There are numerous pickle variations available, including kosher, German, Polish, bread & butter, no-salt, sweet, spicy, sweat & sour, and pickles in a variety of distinct shapes. However, you don’t have to limit yourself to eating only pickled cucumbers on this day. Banana peppers, cherry peppers, jalapenos, and pepperoncini are other pickled peppers that you can eat.
If eating pickles isn’t enough for you to commemorate this day, consider throwing a pickle-themed party or posting images of your favourite pickles on social media with the hashtag #NationalPickleDay. There are probably a million different ways to observe this occasion, so choose one and carry it out.
Facts About Pickles
- New York hosted the inaugural National Pickle Day celebration in 2001.
- Pickles are rationed to the armed services in the US, hence the government produces 40% of the country’s pickles.
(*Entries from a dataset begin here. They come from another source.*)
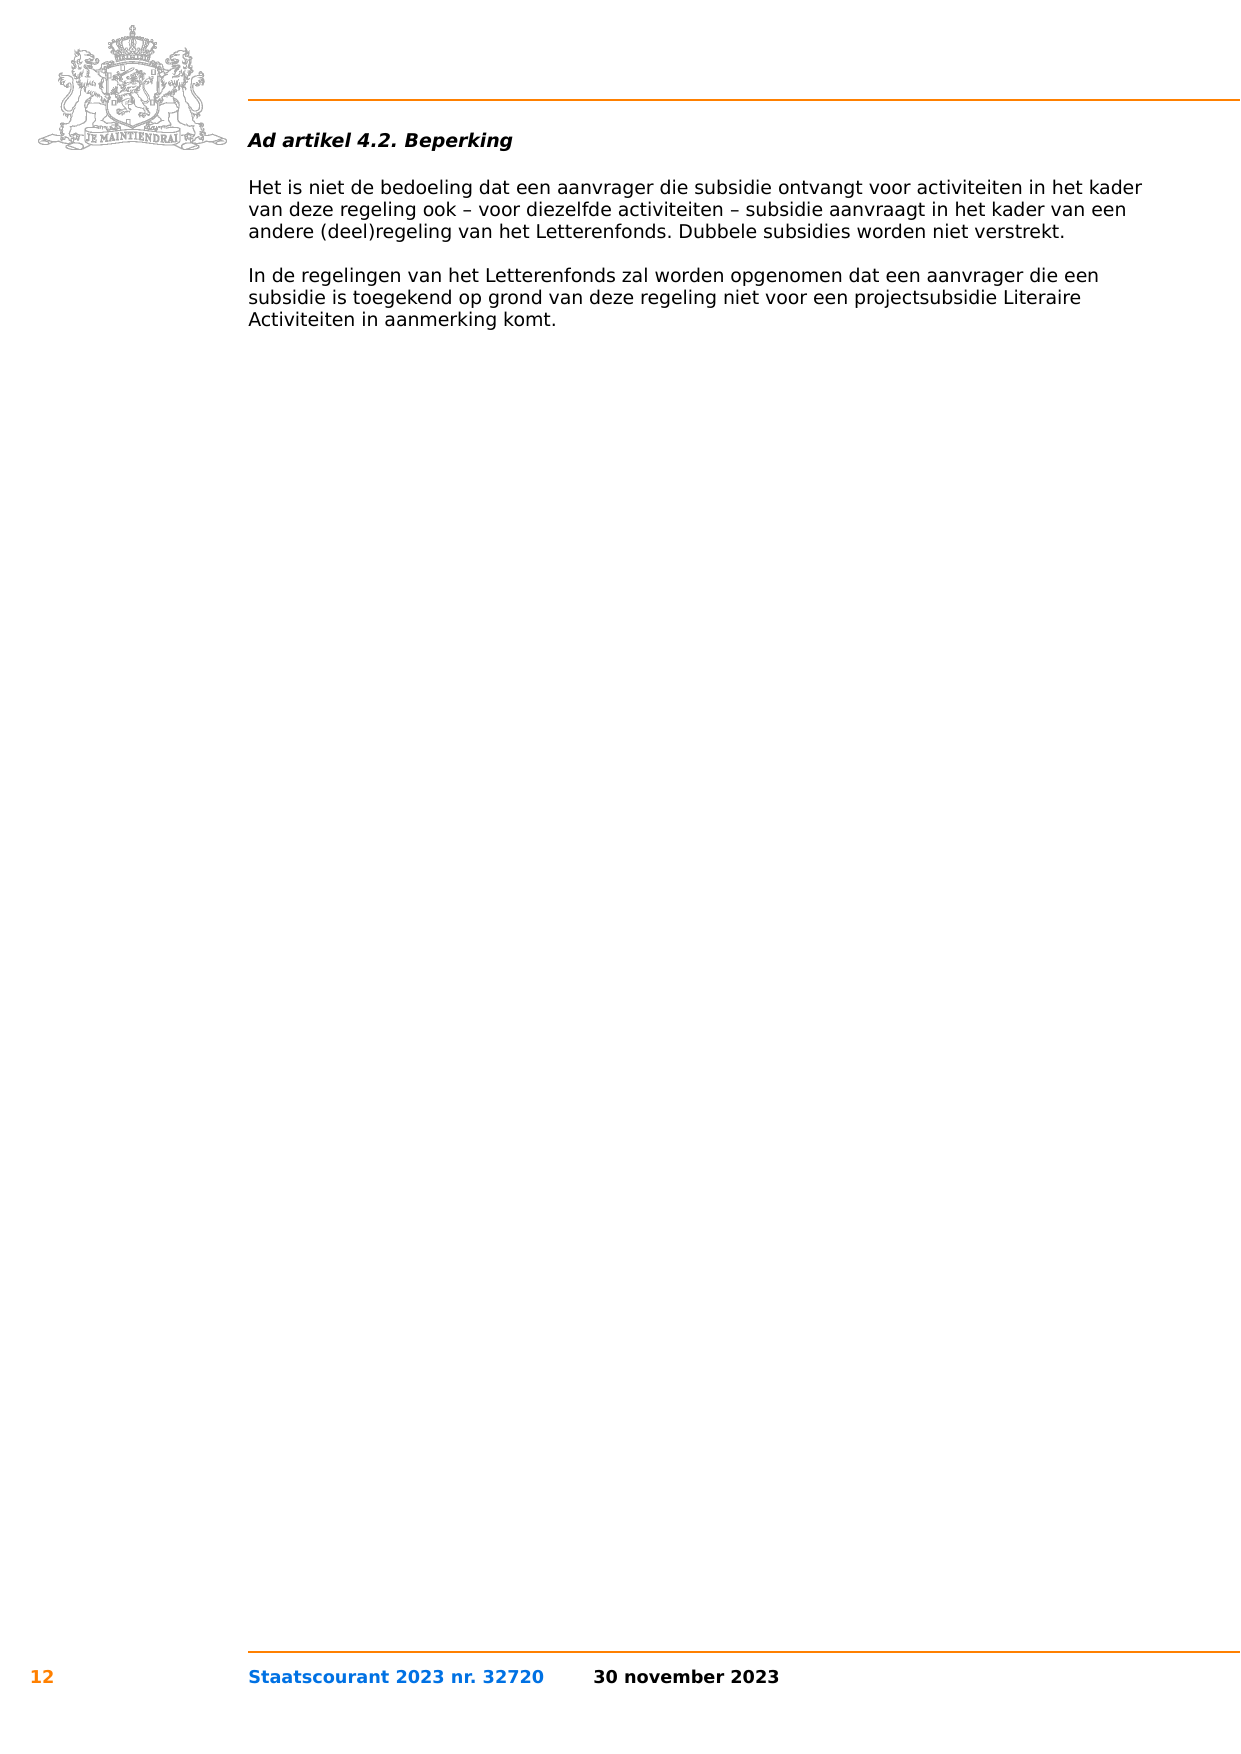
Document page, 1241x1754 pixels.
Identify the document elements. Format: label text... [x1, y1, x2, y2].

picture [38, 25, 227, 150]
subtitle Ad artikel 4.2. Beperking [248, 130, 1163, 152]
text Het is niet de bedoeling dat een aanvrager die subsidie ontvangt voor activiteiten in het kader van deze regeling ook – voor diezelfde activiteiten – subsidie aanvraagt in het kader van een andere (deel)regeling van het Letterenfonds. Dubbele subsidies worden niet verstrekt. [248, 177, 1163, 243]
text In de regelingen van het Letterenfonds zal worden opgenomen dat een aanvrager die een subsidie is toegekend op grond van deze regeling niet voor een projectsubsidie Literaire Activiteiten in aanmerking komt. [248, 265, 1163, 331]
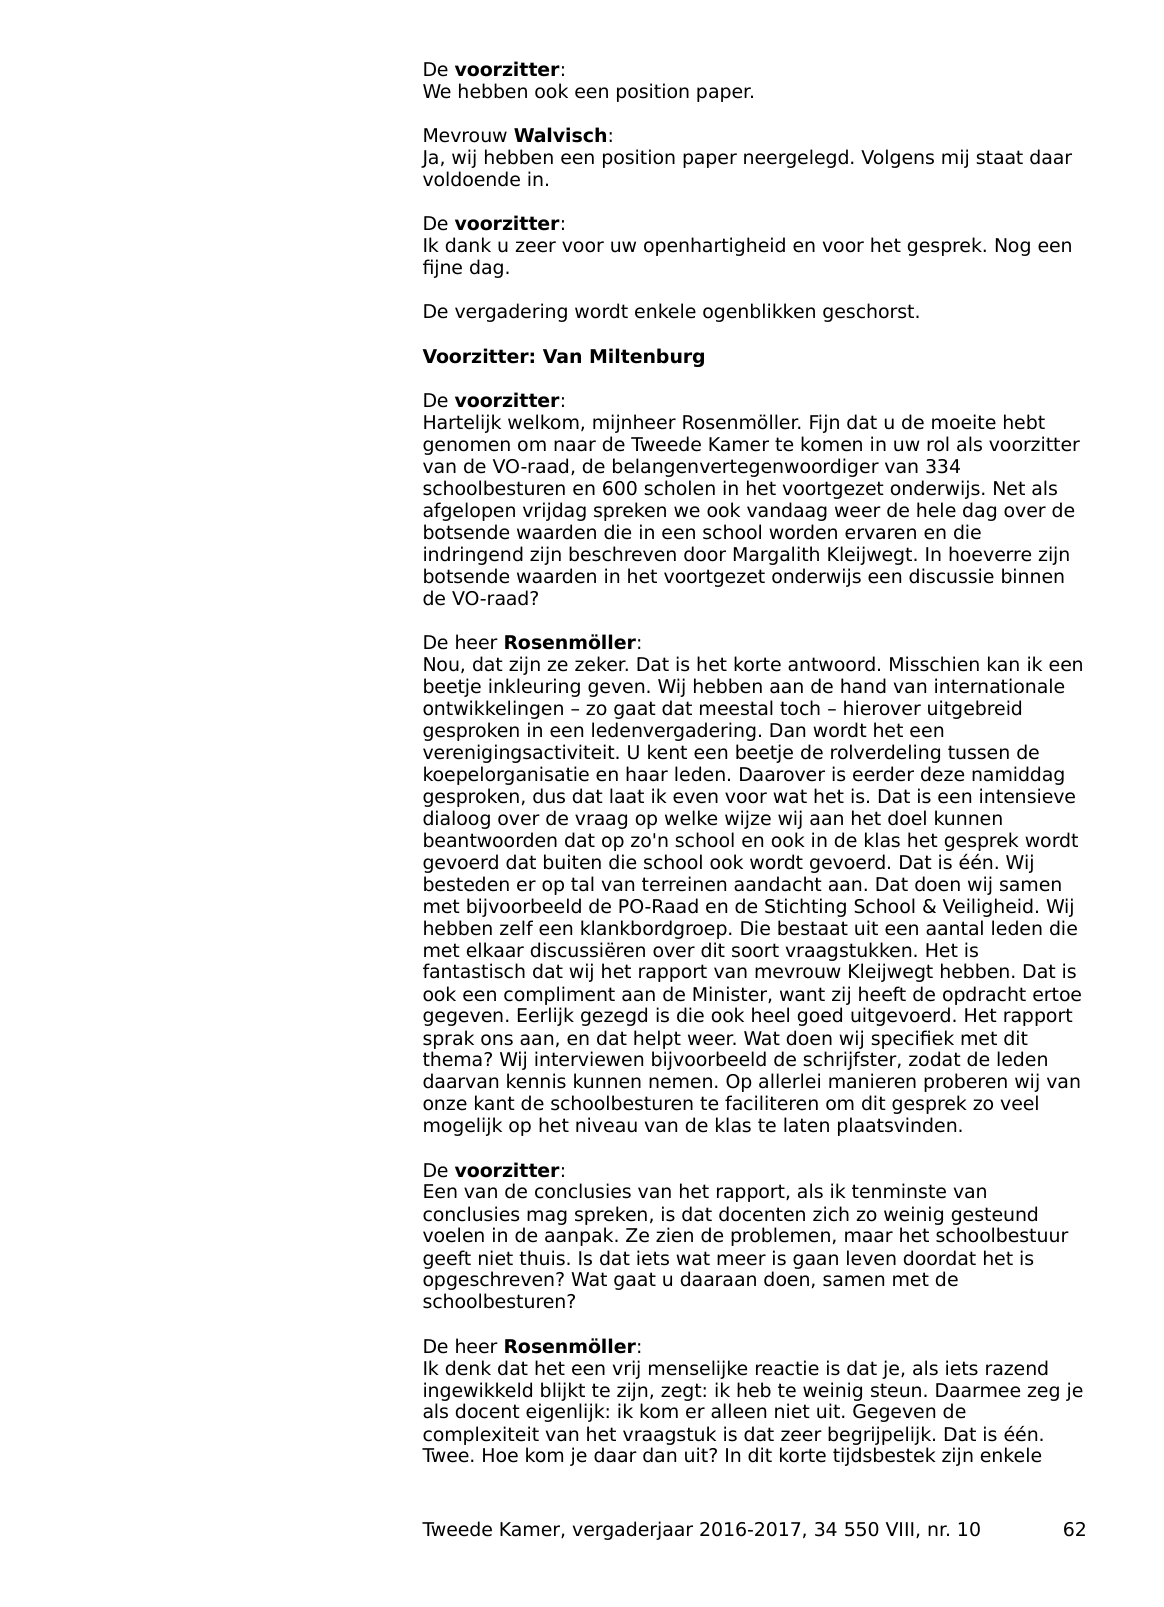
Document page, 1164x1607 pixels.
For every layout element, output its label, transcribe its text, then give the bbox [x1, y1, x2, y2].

text Ik dank u zeer voor uw openhartigheid en voor het gesprek. Nog een fijne dag. [422, 235, 1087, 279]
text Nou, dat zijn ze zeker. Dat is het korte antwoord. Misschien kan ik een beetje inkleuring geven. Wij hebben aan de hand van internationale ontwikkelingen – zo gaat dat meestal toch – hierover uitgebreid gesproken in een ledenvergadering. Dan wordt het een verenigingsactiviteit. U kent een beetje de rolverdeling tussen de koepelorganisatie en haar leden. Daarover is eerder deze namiddag gesproken, dus dat laat ik even voor wat het is. Dat is een intensieve dialoog over de vraag op welke wijze wij aan het doel kunnen beantwoorden dat op zo'n school en ook in de klas het gesprek wordt gevoerd dat buiten die school ook wordt gevoerd. Dat is één. Wij besteden er op tal van terreinen aandacht aan. Dat doen wij samen met bijvoorbeeld de PO-Raad en de Stichting School & Veiligheid. Wij hebben zelf een klankbordgroep. Die bestaat uit een aantal leden die met elkaar discussiëren over dit soort vraagstukken. Het is fantastisch dat wij het rapport van mevrouw Kleijwegt hebben. Dat is ook een compliment aan de Minister, want zij heeft de opdracht ertoe gegeven. Eerlijk gezegd is die ook heel goed uitgevoerd. Het rapport sprak ons aan, en dat helpt weer. Wat doen wij specifiek met dit thema? Wij interviewen bijvoorbeeld de schrijfster, zodat de leden daarvan kennis kunnen nemen. Op allerlei manieren proberen wij van onze kant de schoolbesturen te faciliteren om dit gesprek zo veel mogelijk op het niveau van de klas te laten plaatsvinden. [422, 654, 1087, 1137]
text De heer Rosenmöller: [422, 632, 1087, 654]
text Een van de conclusies van het rapport, als ik tenminste van conclusies mag spreken, is dat docenten zich zo weinig gesteund voelen in de aanpak. Ze zien de problemen, maar het schoolbestuur geeft niet thuis. Is dat iets wat meer is gaan leven doordat het is opgeschreven? Wat gaat u daaraan doen, samen met de schoolbesturen? [422, 1181, 1087, 1313]
text We hebben ook een position paper. [422, 81, 1087, 103]
text De vergadering wordt enkele ogenblikken geschorst. [422, 301, 1087, 323]
subtitle Voorzitter: Van Miltenburg [422, 346, 1087, 368]
text De heer Rosenmöller: [422, 1336, 1087, 1357]
text Ja, wij hebben een position paper neergelegd. Volgens mij staat daar voldoende in. [422, 147, 1087, 191]
text Mevrouw Walvisch: [422, 125, 1087, 147]
text Ik denk dat het een vrij menselijke reactie is dat je, als iets razend ingewikkeld blijkt te zijn, zegt: ik heb te weinig steun. Daarmee zeg je als docent eigenlijk: ik kom er alleen niet uit. Gegeven de complexiteit van het vraagstuk is dat zeer begrijpelijk. Dat is één. Twee. Hoe kom je daar dan uit? In dit korte tijdsbestek zijn enkele [422, 1357, 1087, 1467]
text De voorzitter: [422, 59, 1087, 81]
text Hartelijk welkom, mijnheer Rosenmöller. Fijn dat u de moeite hebt genomen om naar de Tweede Kamer te komen in uw rol als voorzitter van de VO-raad, de belangenvertegenwoordiger van 334 schoolbesturen en 600 scholen in het voortgezet onderwijs. Net als afgelopen vrijdag spreken we ook vandaag weer de hele dag over de botsende waarden die in een school worden ervaren en die indringend zijn beschreven door Margalith Kleijwegt. In hoeverre zijn botsende waarden in het voortgezet onderwijs een discussie binnen de VO-raad? [422, 412, 1087, 609]
text De voorzitter: [422, 1159, 1087, 1181]
text De voorzitter: [422, 390, 1087, 412]
text De voorzitter: [422, 213, 1087, 235]

- Every 53 days, American households buy pickles, and more than 67% of households consume pickles.
- The anthem for Pickle Packers International is called Pickle Polka.
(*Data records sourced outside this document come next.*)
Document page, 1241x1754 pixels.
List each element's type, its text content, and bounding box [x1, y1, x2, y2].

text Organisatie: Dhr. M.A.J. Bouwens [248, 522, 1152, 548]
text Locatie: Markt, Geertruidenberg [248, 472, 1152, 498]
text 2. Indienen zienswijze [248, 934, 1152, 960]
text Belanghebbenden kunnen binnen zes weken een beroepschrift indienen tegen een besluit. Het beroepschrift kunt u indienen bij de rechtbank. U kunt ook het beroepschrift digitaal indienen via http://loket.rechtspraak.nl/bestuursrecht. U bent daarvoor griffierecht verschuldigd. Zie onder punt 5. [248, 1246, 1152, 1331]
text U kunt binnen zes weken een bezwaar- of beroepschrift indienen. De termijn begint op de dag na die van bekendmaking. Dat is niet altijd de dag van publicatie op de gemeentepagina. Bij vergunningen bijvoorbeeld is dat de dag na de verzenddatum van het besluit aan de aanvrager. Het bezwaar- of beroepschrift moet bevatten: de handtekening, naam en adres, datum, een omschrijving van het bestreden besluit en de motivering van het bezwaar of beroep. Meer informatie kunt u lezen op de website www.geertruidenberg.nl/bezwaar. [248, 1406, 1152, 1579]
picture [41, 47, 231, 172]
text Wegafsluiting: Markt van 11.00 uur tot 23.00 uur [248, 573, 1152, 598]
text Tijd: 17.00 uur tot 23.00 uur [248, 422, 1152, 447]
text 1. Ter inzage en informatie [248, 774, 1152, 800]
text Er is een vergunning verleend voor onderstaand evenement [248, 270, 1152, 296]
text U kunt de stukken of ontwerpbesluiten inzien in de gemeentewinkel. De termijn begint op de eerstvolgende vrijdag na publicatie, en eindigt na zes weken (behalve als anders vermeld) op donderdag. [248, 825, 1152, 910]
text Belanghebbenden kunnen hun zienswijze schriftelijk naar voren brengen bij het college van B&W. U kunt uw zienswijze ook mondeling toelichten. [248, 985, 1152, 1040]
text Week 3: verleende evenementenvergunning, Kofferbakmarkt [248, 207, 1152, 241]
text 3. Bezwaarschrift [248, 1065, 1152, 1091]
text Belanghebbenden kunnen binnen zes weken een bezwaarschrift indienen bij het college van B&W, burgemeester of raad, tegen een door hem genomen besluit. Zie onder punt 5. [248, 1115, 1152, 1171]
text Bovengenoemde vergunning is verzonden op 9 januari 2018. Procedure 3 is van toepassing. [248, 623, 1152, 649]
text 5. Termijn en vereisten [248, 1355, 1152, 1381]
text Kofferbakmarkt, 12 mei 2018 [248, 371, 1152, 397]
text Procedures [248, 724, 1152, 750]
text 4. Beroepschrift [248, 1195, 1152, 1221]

- By soaking them in strawberry or cherry Kool-Aid, red pickles can be created. These pickles taste entirely different from ordinary pickles and have a sweet-sour flavour. They can also be prepared by adding chilli powder in the manner of Indian cuisine.
- Amerigo Vespucci, an Italian adventurer, earned the nickname “pickle-dealer” for his practise of supplying sailors and merchants with preserved meats and vegetables.
- Crispy preserves were consumed by Roman emperors like Julius Caesar and their armies because it was believed to give them strength.
- Shakespeare first used the phrase “in a pickle,” which refers to being in a challenging situation, in The Tempest.
- Pickles that are produced in large quantities fester in salt brine in enormous outside pots.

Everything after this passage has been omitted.